Bad Blood - By John Sandford Page 0,93

couldn’t get here in less than a couple hours and probably not less than four or five. I say we order up some pizza and beer, see if we can get a decent movie. . . . Clay’s got a Blu-ray.”

“Party on,” Jenkins said. “Goddamn, I like this kind of detectin’. You detect good, Flowers.”

THEY GOT the pizza and beer and soda and a Bruce Willis Die Hard movie about a computer genius; and Holley got a couple of the cooperating neighbors over, and it was a little like an old-fashioned Christmas.

While that was going on, Virgil took Shrake and Jenkins in the back bedroom and they sat on a bed with a bowl of chips and Virgil said, “If they come, and if they say or do something that we can pop them for, we’re going to go straight at them. Read them their rights, but roll right through that, threats, whatever it takes. If they ask for an attorney, we’ll tell them that we’re taking them up to Ramsey County, and they’ll get an attorney there. We ask no more questions, but we talk among ourselves, you know . . .”

“We know . . .”

“Right at the beginning, even before reading the rights, we break them apart. We’ve got two bedrooms, the kitchen and living room, the car, however many there are, we isolate them. I’ll come and talk to each of them, in turn. I’m looking for one good solid piece of information—”

“What?” Jenkins asked.

“I don’t know, but I’ll know it when I hear it,” Virgil said. “I’m looking for something I can use in a search warrant. If I get it, I’m going to take off, and you’ll be on your own for moving these people up north. I haven’t talked to the sheriff here, but we could probably get a car if we needed it.”

“We can work that out,” Jenkins said.

“I know it’s all sort of ramshackle, but I’m in a big hurry, and this is what I’ve got,” Virgil said.

TWO HOURS WENT BY, and they moved the cars around the block, scattering them. Jenkins and Virgil stayed in the house with Gordon, while Dennis Brown went to the house on one side of Holley’s, Shrake and Schickel to the house on the other side, and Holley went down to his girlfriend’s place. Everybody would be watching the street, linked with cell phones and radios.

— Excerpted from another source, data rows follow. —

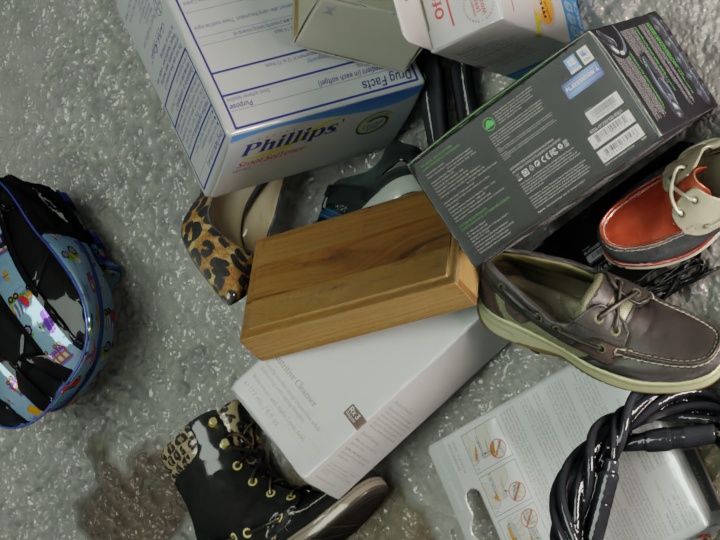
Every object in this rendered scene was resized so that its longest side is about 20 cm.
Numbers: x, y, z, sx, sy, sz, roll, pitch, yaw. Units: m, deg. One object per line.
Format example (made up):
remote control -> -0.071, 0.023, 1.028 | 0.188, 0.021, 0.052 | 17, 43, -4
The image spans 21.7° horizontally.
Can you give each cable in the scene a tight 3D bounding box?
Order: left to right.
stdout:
cable -> 0.217, 0.176, 1.351 | 0.200, 0.051, 0.163 | -40, 78, -12

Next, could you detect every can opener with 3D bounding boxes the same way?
can opener -> 0.070, -0.155, 1.528 | 0.063, 0.078, 0.202 | -1, 95, 24

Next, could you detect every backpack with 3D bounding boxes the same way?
backpack -> -0.298, 0.038, 1.701 | 0.200, 0.134, 0.183 | 47, 110, 26

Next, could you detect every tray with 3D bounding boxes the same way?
tray -> 0.000, 0.000, 1.464 | 0.198, 0.037, 0.099 | -15, 50, 29

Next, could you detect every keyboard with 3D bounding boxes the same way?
keyboard -> 0.202, -0.003, 1.453 | 0.199, 0.040, 0.105 | -37, 62, 16

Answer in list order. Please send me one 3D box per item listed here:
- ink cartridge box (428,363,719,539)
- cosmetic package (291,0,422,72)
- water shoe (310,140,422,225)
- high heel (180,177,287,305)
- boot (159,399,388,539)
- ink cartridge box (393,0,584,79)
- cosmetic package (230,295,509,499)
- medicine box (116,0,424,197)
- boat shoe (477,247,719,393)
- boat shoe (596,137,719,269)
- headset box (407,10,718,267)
ink cartridge box -> 0.167, 0.166, 1.459 | 0.199, 0.050, 0.163 | -34, 71, 31
cosmetic package -> 0.004, -0.268, 1.503 | 0.071, 0.104, 0.202 | 129, 149, -54
water shoe -> -0.012, -0.030, 1.579 | 0.199, 0.071, 0.079 | -35, 42, 27
high heel -> -0.085, -0.069, 1.568 | 0.143, 0.071, 0.201 | -48, 27, 25
boot -> -0.081, 0.180, 1.597 | 0.200, 0.073, 0.152 | -39, 68, 30
ink cartridge box -> 0.094, -0.222, 1.433 | 0.067, 0.199, 0.116 | -21, 77, 29
cosmetic package -> 0.010, 0.073, 1.506 | 0.200, 0.081, 0.113 | -45, 62, 4
medicine box -> -0.077, -0.187, 1.537 | 0.201, 0.181, 0.103 | 64, 154, 18
boat shoe -> 0.174, 0.034, 1.385 | 0.198, 0.065, 0.074 | 14, 54, 23
boat shoe -> 0.261, -0.063, 1.381 | 0.198, 0.062, 0.072 | -24, 67, 19
headset box -> 0.156, -0.102, 1.395 | 0.174, 0.200, 0.093 | -35, 86, 26

Gordon started cleaning up after the party, and Jenkins set up a half-dozen wireless microphones, with recording equipment under the bed. Virgil, Jenkins, and Shrake would have headphones to monitor the talk, although Shrake’s wouldn’t work until he was just outside the house.

AND THEY WAITED, watching TV.

They asked one question, two hundred times. “Do you think they looked up the phone number?”

Virgil found it hard to believe that they’d be too stupid to do that; that somebody wouldn’t do it.

“Our big problem is gonna be if they come hat in hand, are polite, say their piece, and leave,” Virgil said. “Even if there are some little threats buried in there . . . you know, ‘We’d sure be unhappy, Miz Lucy, to hear you were telling lies about us.’ If they go that way, we’ve got nothing.”

They got past three hours, and past four hours, but they didn’t get past five hours.

18

They came in a crew-cab pickup, three of them. The first word came from an elderly couple who lived at the end of the block, an excited woman on her cell to Virgil: “Big pickup, not from town, turning the corner like they’re lost, looking at house numbers.”

Virgil clocked his radio: “Incoming,” he said.

“We got them,” Dennis Brown said. “The guy in the driver’s seat is Emmett Einstadt Junior. They call him ‘Junior.’ There are two more, I think, but I can’t see who they are. Could be one in the back—that’d make four.”

The big Chevy crew cab stopped in front of Holley’s house, and a minute later three men climbed out, awkwardly, a little stiff from the ride, and regrouped on the sidewalk.

Jenkins hurried across the house and down the stairs into the basement, while Virgil crouched in the front bedroom, looking out through a hole in a venetian blind. Gordon stood behind him, in the doorway, twisting her hands nervously. They had wrapped a woman’s bulletproof vest around her, and covered it with a thick quilted housecoat. She still looked a little porky, but with her round face and fleshy hands, not unconvincing.